The reason you’re seeing duplicated output is that you are reading an image in a for loop but processing it outside of the for loop, so you are only ever performing OCR on the contents of the last image read in the loop.

However, indenting the code highlighted in orange above won’t solve the problem. Your code needs a bit of refactoring to work in the way you’re expecting.

Here’s an example from GeeksforGeeks which demonstrates how to calculate a new column for a dataframe in a row-wise fashion: Create a column using for loop in Pandas Dataframe - GeeksforGeeks

Please also see the documentation for the pandas.DataFrame.apply function which is commonly used in scenarios such as this one: pandas.DataFrame.apply — pandas 1.3.2 documentation

Cheers,

@sjporter

patrick-roch · August 25, 2021, 2:52am

@sjporter, I figured as much. Thank you for the additional resources and pointers. I’m not a python expert yet. I’m merely a “Bricoleur”. I was hoping to get this script working. So that I can deploy it to our knime server to enable the average joe to extract text; it looks like it will take more time than I expected.

Do you know when the dev team will fix the Tess4j node for Mac OS? Like every other node in Knime, I expected it to just work
I currently have over >1000 pdf docs that we need to extract text from.

Here is the script that worked with one document: But it is unstable; I sometimes get Execute failed: An error occurred during serialization. See log for errors. and sometimes it works. It needs to be refactored, and any help from an expert in this forum is greatly appreciated.

import pytesseract
from PIL import Image
import numpy as np
import pandas as pd
from skimage.util import img_as_ubyte

# Copy input to output
output_table_1 = input_table_1.copy()

output_column = []
# Loop over every cell in the 'Img' column

for index, input_cell in input_table_1['Image'].iteritems():
	# get image from cell
	image = input_cell.array.astype(np.uint8)
	# define the command for starting tesseract
	pytesseract.pytesseract.tesseract_cmd = r'/usr/local/Cellar/tesseract/4.1.1/bin/tesseract'
    # extract the text from images
	result = pytesseract.image_to_string(image)
	output_column.append(result)
	try:
		output_table_1['Extracted Text'] = output_column
		output_table_1['Success'] = True
		output_table_1['Error Message'] = None

	except Exception as e:
		output_table_1['Extracted Text'] = None
		output_table_1['Success'] = False
		output_table_1['Error Message'] = str(e)

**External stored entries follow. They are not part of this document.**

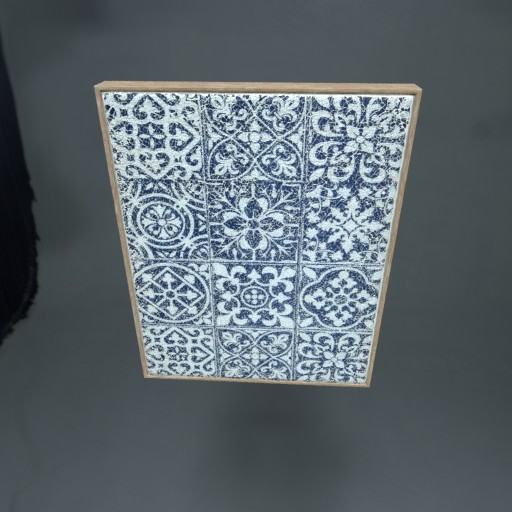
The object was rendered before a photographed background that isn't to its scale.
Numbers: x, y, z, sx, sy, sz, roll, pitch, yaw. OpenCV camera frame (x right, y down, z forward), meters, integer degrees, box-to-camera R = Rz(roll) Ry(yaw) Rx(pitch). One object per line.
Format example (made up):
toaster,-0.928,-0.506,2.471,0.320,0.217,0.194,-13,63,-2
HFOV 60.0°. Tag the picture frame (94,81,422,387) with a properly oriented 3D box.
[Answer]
picture frame,0.000,0.000,0.722,0.424,0.526,0.043,2,30,3
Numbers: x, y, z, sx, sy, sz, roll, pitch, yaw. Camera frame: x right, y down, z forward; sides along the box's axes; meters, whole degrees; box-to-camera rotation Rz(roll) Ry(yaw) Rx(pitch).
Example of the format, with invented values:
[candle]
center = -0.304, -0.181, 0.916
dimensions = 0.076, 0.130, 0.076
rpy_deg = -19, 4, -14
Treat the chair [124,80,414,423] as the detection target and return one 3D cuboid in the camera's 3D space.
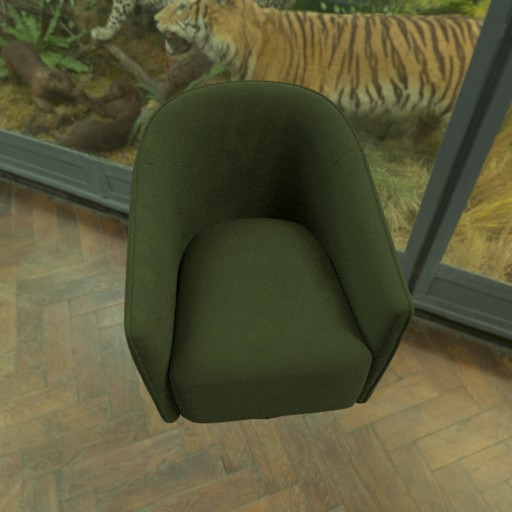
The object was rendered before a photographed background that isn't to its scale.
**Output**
[chair]
center = 0.000, 0.000, 1.456
dimensions = 0.747, 0.799, 0.875
rpy_deg = -4, 46, -4
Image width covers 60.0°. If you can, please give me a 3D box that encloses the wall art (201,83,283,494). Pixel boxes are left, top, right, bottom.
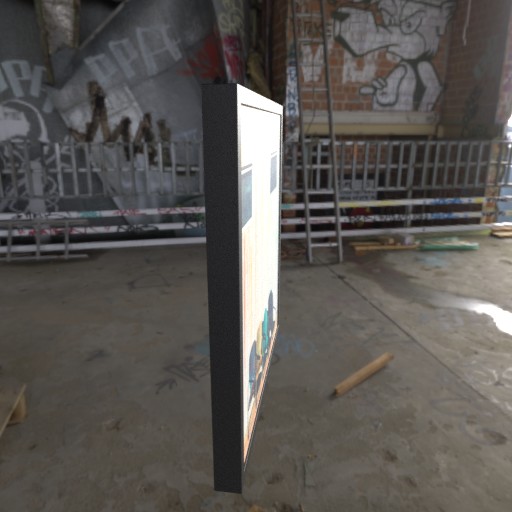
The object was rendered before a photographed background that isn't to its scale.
[{"bbox_3d":[0.000,0.000,0.756,0.037,0.506,0.506,2,16,8],"label":"wall art"}]
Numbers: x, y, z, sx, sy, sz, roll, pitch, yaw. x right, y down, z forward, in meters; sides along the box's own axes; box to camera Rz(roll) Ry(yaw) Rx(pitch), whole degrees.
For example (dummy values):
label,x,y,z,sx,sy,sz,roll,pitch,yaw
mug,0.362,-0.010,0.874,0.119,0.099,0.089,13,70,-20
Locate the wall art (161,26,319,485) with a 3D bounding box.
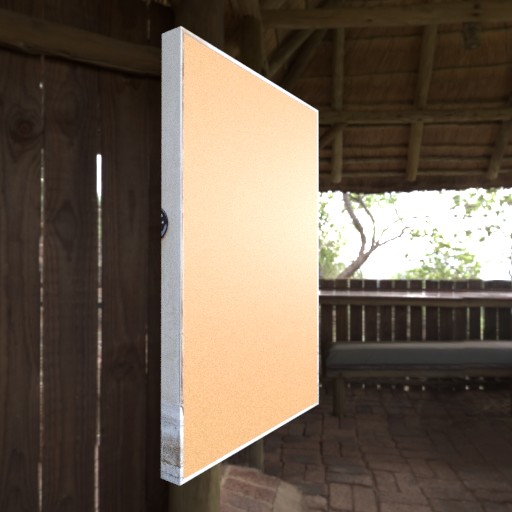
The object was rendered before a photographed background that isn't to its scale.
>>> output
label,x,y,z,sx,sy,sz,roll,pitch,yaw
wall art,0.000,0.000,0.761,0.036,0.607,0.403,0,-1,35
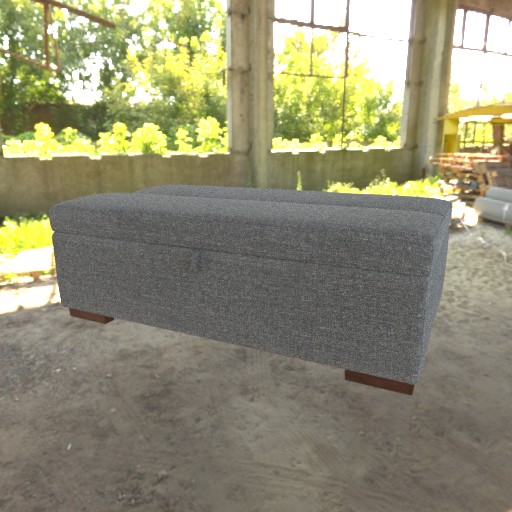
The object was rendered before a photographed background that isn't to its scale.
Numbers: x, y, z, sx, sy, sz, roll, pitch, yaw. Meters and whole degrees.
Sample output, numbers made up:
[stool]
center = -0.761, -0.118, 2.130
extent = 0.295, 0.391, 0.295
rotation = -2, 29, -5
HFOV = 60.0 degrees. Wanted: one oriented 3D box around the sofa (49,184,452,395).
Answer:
[sofa]
center = 0.000, 0.000, 1.572
extent = 1.198, 0.417, 0.782
rotation = 7, 16, 25
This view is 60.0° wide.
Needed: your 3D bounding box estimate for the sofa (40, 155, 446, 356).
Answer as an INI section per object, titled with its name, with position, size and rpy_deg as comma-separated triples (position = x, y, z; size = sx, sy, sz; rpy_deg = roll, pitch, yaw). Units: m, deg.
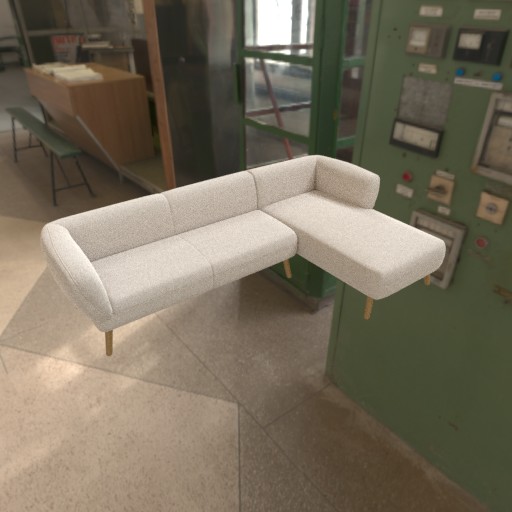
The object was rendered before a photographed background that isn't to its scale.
[sofa]
position = 0.000, 0.000, 3.280
size = 2.660, 0.730, 1.610
rpy_deg = -21, 36, -31
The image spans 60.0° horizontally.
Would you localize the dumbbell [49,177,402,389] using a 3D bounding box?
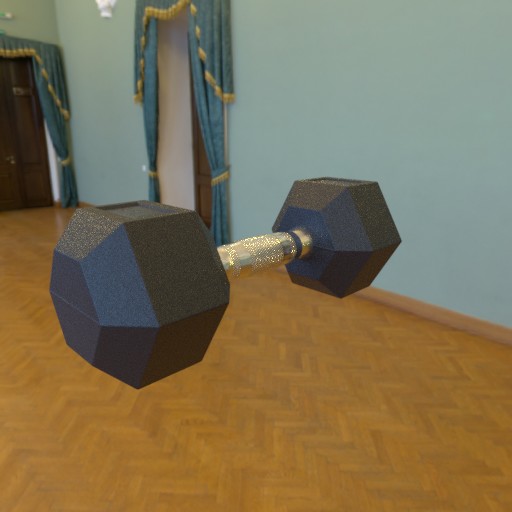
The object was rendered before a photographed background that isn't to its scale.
[{"bbox_3d":[0.000,0.000,0.427,0.356,0.123,0.141,-15,22,-42],"label":"dumbbell"}]
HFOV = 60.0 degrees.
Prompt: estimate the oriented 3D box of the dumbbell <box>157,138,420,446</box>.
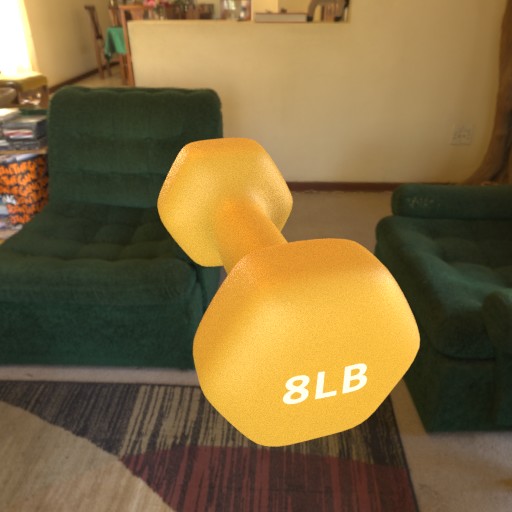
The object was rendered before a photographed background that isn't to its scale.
[{"bbox_3d":[0.000,0.000,0.236,0.090,0.082,0.190,-8,31,-13],"label":"dumbbell"}]
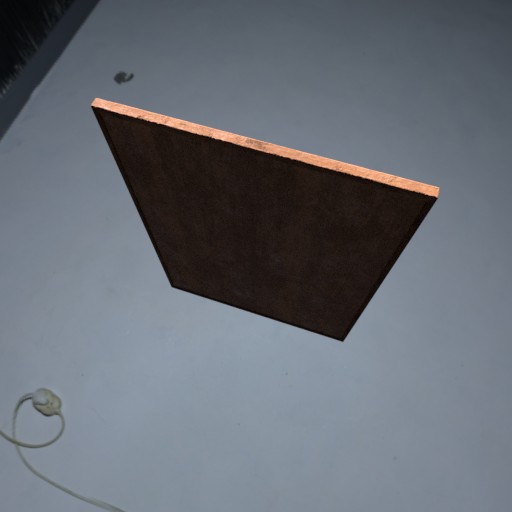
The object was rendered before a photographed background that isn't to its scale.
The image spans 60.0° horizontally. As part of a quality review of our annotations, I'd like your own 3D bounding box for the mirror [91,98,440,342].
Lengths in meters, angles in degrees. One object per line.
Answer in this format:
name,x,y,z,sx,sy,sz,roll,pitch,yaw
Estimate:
mirror,0.000,0.000,1.460,0.796,1.099,0.028,17,65,8
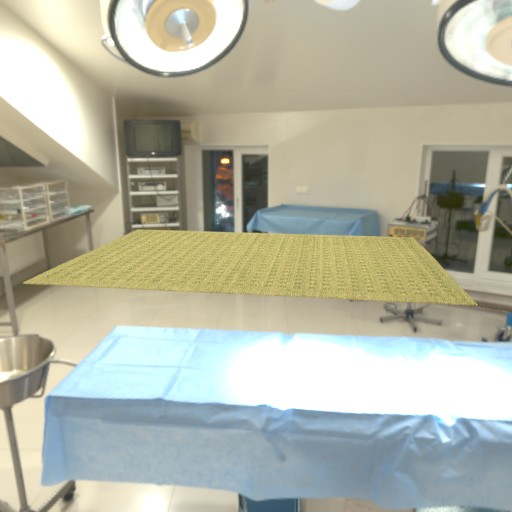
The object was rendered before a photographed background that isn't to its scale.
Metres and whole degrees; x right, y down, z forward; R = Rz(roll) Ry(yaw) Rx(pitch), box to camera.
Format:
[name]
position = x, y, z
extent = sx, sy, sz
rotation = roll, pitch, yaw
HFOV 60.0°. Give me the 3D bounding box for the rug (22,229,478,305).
[rug]
position = 0.000, 0.000, 2.929
extent = 2.297, 0.007, 1.529
rotation = 2, 14, 8
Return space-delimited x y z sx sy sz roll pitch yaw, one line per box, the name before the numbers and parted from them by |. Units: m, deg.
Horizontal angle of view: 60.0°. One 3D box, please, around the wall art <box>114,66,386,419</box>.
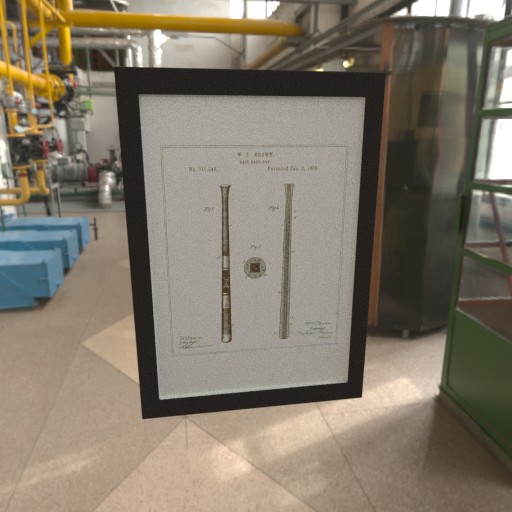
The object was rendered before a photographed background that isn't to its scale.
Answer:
wall art | 0.000 0.000 0.678 0.374 0.529 0.012 -3 16 -9
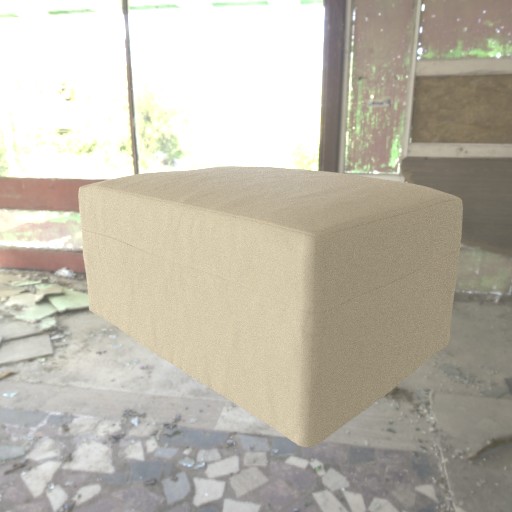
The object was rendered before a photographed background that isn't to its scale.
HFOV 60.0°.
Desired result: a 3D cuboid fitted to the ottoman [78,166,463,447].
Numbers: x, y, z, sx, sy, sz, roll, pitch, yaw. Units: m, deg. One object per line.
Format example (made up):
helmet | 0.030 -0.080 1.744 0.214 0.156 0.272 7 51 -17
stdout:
ottoman | 0.000 0.000 1.181 0.590 0.444 0.872 -15 22 -42
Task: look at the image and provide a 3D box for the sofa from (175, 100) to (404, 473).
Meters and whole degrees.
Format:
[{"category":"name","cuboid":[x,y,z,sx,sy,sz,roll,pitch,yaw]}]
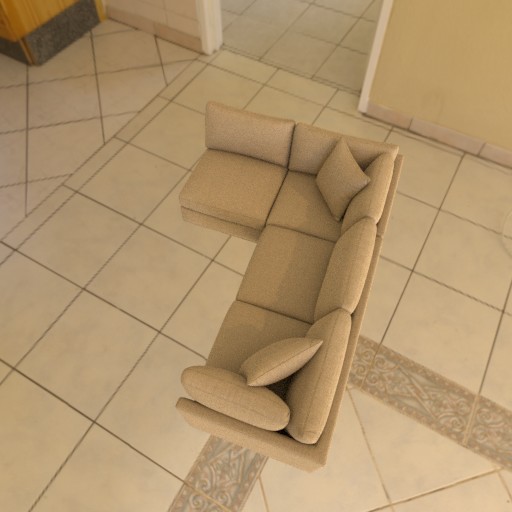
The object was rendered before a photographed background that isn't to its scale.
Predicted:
[{"category":"sofa","cuboid":[0.000,0.000,3.877,1.994,0.978,2.896,17,59,10]}]
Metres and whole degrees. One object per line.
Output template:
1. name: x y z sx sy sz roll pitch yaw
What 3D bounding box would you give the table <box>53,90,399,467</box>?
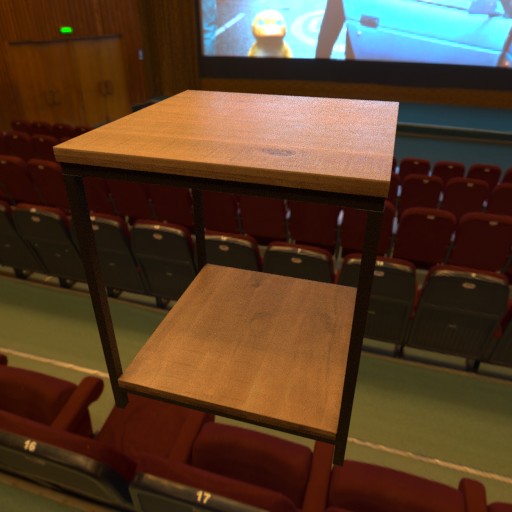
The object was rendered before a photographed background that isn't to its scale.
1. table: 0.000 0.000 0.981 0.507 0.589 0.503 9 32 14
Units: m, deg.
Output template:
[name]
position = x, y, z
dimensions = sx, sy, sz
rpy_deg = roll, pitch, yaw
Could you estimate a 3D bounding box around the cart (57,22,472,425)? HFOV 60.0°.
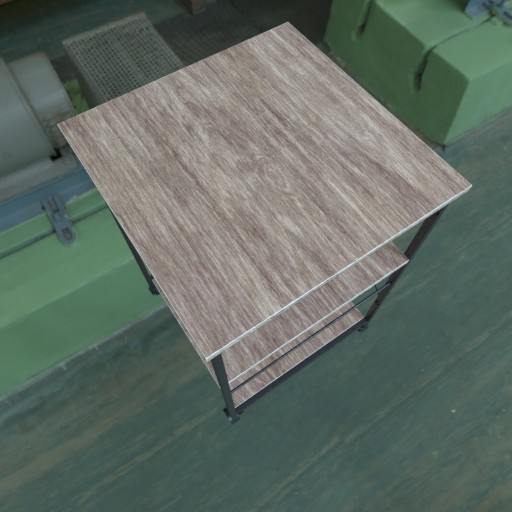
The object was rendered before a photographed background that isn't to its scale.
[cart]
position = 0.000, 0.000, 1.109
dimensions = 0.520, 0.762, 0.521
rpy_deg = -31, 66, -15
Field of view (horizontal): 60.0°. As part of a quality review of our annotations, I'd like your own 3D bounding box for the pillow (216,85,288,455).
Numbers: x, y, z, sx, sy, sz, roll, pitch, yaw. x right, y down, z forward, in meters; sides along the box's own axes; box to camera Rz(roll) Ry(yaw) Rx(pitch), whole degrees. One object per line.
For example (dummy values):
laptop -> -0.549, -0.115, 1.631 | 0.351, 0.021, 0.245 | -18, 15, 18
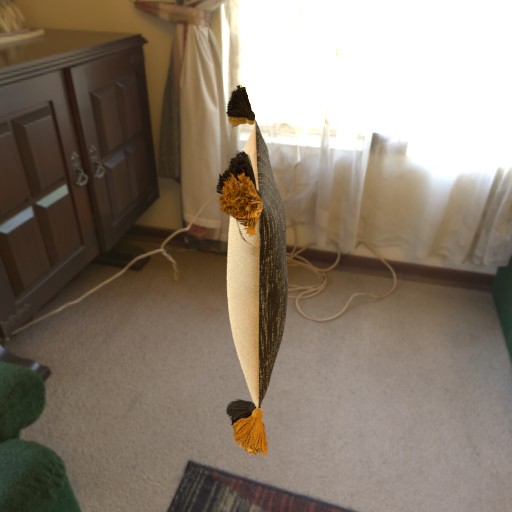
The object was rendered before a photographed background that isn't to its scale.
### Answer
pillow -> 0.000, 0.000, 1.013 | 0.139, 0.659, 0.654 | -1, 33, -1
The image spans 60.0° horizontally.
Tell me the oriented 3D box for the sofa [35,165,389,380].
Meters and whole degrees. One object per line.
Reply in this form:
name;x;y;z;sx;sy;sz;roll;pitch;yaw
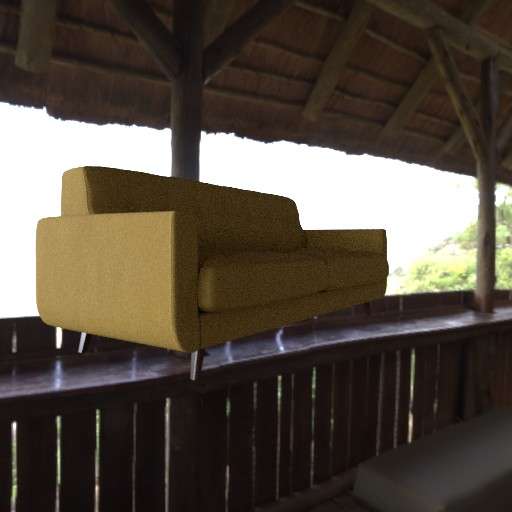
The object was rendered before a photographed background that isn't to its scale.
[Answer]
sofa;0.000;0.000;2.471;0.909;0.841;2.029;1;2;35
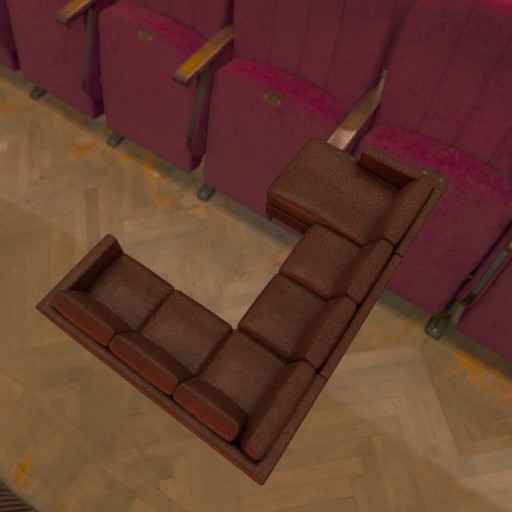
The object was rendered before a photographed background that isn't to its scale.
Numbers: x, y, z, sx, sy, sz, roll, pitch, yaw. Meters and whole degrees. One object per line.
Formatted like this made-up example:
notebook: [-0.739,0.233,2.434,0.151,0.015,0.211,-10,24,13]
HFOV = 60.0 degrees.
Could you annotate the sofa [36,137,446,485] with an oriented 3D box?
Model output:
sofa: [0.000,0.000,4.469,2.452,0.891,3.324,32,67,16]
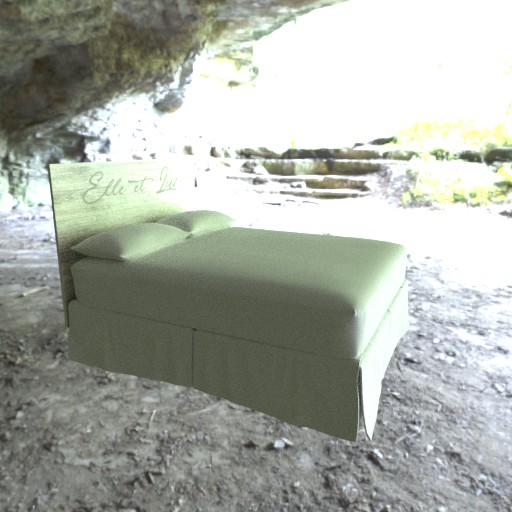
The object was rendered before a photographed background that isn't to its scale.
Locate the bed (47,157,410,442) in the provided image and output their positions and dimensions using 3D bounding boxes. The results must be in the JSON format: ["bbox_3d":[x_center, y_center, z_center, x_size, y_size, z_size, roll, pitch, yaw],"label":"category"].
[{"bbox_3d":[0.000,0.000,3.227,2.094,1.335,1.745,7,16,25],"label":"bed"}]
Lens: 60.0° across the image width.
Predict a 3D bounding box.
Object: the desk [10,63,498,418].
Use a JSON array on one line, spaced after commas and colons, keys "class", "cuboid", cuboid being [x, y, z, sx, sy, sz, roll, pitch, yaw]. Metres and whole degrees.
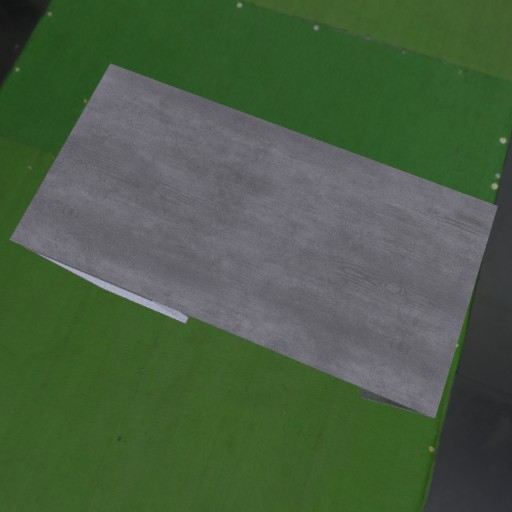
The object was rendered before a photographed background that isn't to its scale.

djarrett · September 16, 2021, 3:29am

@patrick-roch did you get this to work?

patrick-roch · September 17, 2021, 3:36pm

@djarrett Thanks for the follow-up. I did not get it to work.

djarrett · September 17, 2021, 8:04pm

Ok. Thanks. I am going to keep fiddling to see if i can get it to work. I have a similar use case as you.

system · June 2, 2023, 9:11pm

This topic was automatically closed 90 days after the last reply. New replies are no longer allowed.